WHAT YOU NEED TO DO = The lines from the top of the data down to the line with "4. purse from (494, 394) to (546, 472)" should be repeated exactly, both ends included.

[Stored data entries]
-*-

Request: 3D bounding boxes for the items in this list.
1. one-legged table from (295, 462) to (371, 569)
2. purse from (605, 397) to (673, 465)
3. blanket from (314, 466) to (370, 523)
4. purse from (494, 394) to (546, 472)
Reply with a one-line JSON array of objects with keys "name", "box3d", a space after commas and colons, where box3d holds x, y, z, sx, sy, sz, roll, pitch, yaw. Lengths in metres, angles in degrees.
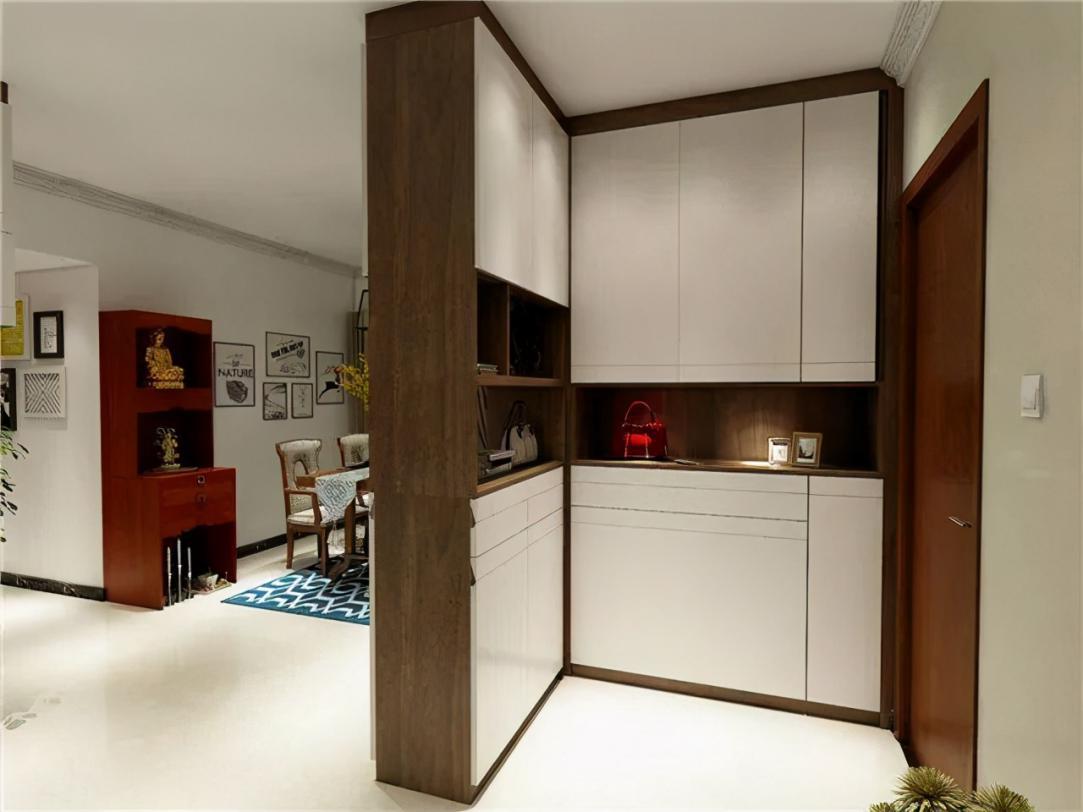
[{"name": "one-legged table", "box3d": [-1.558, 0.838, 5.902, 0.436, 0.790, 0.870, 0, 2, 16]}, {"name": "purse", "box3d": [0.569, 0.122, 4.516, 0.349, 0.306, 0.353, -18, 19, -41]}, {"name": "blanket", "box3d": [-1.527, 0.641, 5.747, 0.490, 0.345, 0.310, -2, 8, -25]}, {"name": "purse", "box3d": [-0.125, 0.150, 4.204, 0.138, 0.364, 0.357, -2, 2, 18]}]

-*-

RESULT OF THIS EXERCISE =
Request: 3D bounding boxes for the items in this list.
1. one-legged table from (295, 462) to (371, 569)
2. purse from (605, 397) to (673, 465)
3. blanket from (314, 466) to (370, 523)
4. purse from (494, 394) to (546, 472)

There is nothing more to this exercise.